The artwork is sometimes referred to as having a graphic novel feel to it, but this is really a matter of personal taste and a potential buyer can certainly peruse the sample pictures to know what they are getting beforehand. Like all Tarot decks, which one speaks to a person is an intimate affair and individuals need to be their own judge on these issues. However Lo Scarabeo usually uses this illustration style with most their products, so on the one hand no one should have been surprised their flagship deck would follow suit.
Oddly enough, an advantage of the deck comes from the card backings which pictures two beetles facing outward. For those readers who use reversals, some decks can make this difficult as the card backing reveals the upright or reversed position before the picture side is revealed. With the Lo Scarabeo Tarot, it is impossible to know the orientation of the card by simply looking at the backing. Personally, I like to spread the deck out in a “Go Fish” pattern, mix it all up with both hands as I meditate on the question, and then reassemble the deck so there is an equal chance for both upright and reversed cards.
Like most every other Lo Scarabeo deck, the Little White Book (LWB) is woefully short (about 12 pages per language) by today’s standards and the meanings given are simply an upright and reversed keyword for each card. This is not fatal to the deck as will be explained shortly and we should be thankful as our 18th and 19th century predecessors would have considered the LWB a thorough treatise. The LWB also proposes a unique Lo Scarabeo spread that uses a scarab beetle as the spatial mnemonic for how to lay the cards. An advantage of this spread is its use of the pairing of opposites. For example, the left midleg is what works against the seeker while the right midleg is what works for them instead.

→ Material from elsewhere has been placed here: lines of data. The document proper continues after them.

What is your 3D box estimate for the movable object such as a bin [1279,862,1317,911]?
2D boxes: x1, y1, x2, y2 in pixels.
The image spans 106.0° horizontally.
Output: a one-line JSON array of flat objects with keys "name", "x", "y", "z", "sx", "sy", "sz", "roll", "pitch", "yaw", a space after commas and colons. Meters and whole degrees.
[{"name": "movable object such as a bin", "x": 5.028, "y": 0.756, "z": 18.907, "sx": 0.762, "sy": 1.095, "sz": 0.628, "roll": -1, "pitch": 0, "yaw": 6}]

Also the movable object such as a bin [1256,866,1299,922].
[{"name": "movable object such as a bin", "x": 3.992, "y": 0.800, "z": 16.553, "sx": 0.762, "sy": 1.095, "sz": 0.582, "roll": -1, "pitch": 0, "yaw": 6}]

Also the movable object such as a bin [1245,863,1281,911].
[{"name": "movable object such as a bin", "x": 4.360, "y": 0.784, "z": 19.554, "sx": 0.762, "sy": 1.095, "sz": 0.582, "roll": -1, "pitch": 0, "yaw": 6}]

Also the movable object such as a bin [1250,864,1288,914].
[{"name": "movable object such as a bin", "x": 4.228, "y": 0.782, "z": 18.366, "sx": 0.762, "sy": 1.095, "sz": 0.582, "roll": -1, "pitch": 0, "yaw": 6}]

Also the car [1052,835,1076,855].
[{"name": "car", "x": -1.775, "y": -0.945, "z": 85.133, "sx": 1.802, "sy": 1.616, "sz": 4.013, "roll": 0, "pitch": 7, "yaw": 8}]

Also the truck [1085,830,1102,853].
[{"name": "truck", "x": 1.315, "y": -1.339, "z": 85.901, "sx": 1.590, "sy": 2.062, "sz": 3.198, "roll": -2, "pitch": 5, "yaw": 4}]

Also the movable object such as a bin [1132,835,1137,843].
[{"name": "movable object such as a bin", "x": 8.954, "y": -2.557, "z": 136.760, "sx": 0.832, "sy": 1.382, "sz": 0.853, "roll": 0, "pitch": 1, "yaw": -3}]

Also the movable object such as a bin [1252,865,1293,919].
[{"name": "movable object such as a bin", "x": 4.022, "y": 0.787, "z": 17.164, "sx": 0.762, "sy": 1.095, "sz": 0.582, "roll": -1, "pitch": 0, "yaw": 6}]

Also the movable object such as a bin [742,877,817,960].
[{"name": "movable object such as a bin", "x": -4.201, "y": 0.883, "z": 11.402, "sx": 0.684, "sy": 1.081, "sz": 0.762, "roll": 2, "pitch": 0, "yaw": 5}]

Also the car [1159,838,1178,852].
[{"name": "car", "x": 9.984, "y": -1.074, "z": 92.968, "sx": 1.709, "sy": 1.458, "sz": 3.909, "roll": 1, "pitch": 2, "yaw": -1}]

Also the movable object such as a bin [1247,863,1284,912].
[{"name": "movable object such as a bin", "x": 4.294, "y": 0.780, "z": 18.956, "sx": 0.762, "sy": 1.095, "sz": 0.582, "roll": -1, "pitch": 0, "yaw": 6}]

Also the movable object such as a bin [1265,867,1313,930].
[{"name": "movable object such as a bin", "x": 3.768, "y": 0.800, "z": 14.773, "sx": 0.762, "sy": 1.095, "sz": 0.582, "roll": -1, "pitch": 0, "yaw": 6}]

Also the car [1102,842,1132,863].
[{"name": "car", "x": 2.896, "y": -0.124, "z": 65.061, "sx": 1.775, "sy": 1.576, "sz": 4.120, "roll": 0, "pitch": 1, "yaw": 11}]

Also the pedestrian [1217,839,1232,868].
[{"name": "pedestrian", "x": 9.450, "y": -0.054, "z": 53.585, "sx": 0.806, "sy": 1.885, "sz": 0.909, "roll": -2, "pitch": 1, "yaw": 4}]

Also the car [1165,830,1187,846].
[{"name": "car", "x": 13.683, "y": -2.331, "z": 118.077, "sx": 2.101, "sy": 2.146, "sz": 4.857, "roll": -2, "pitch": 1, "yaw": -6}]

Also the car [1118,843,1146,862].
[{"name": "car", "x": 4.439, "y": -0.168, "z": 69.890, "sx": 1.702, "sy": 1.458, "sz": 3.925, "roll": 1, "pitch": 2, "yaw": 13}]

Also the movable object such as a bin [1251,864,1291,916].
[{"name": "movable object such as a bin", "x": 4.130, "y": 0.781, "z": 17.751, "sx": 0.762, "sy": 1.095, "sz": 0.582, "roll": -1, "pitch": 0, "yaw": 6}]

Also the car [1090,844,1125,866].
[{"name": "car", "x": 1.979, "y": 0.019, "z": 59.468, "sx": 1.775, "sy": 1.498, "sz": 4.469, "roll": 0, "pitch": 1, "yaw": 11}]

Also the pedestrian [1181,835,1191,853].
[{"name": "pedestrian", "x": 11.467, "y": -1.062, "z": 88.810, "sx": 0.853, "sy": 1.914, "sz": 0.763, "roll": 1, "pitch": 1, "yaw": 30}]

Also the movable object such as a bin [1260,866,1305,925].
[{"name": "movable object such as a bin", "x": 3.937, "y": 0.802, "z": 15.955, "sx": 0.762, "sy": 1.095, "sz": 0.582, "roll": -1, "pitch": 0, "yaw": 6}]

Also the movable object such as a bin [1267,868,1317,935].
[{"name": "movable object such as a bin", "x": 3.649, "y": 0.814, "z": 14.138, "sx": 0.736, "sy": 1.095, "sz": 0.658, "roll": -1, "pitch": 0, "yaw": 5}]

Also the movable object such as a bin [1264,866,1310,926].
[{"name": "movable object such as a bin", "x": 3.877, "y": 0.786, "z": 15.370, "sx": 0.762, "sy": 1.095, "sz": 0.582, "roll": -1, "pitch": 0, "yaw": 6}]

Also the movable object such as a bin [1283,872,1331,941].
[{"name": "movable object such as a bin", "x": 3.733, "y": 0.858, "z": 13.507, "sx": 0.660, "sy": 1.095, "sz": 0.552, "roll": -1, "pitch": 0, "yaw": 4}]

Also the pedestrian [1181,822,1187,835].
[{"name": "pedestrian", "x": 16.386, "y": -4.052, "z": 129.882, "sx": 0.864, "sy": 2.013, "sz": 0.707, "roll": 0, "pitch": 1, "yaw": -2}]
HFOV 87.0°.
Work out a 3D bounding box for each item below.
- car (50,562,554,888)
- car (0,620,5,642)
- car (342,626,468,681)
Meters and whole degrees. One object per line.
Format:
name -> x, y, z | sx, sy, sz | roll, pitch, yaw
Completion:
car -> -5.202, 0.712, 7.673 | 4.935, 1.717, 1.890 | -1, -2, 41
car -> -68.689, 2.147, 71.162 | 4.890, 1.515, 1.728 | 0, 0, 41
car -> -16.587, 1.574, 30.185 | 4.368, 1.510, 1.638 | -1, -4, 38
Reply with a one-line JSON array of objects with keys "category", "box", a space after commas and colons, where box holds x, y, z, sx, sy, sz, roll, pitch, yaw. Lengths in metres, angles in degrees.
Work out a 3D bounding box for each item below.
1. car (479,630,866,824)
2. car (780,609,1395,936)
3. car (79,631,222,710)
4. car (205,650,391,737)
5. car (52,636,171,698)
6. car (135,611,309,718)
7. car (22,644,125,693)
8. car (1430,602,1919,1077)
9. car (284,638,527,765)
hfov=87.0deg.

While the Lo Scarabeo Tarot combines elements from the three major Tarot schools, the general consensus has been that it still remains predominantly within the Rider-Waite-Smith tradition. Though some Tarotists may disagree with this perspective, the larger Aeclectic Tarot community seems to hold this view as expressed in a thread when it was released. So returning to the LWB concerns from above, if someone finds it to be too sparse they can simply use the Rider-Waite-Smith material for further inspiration such as found in Thirteen’s Tarot Card Meanings and Thirteen’s Tarot Reversals found in the eBook section here on Aeclectic Tarot.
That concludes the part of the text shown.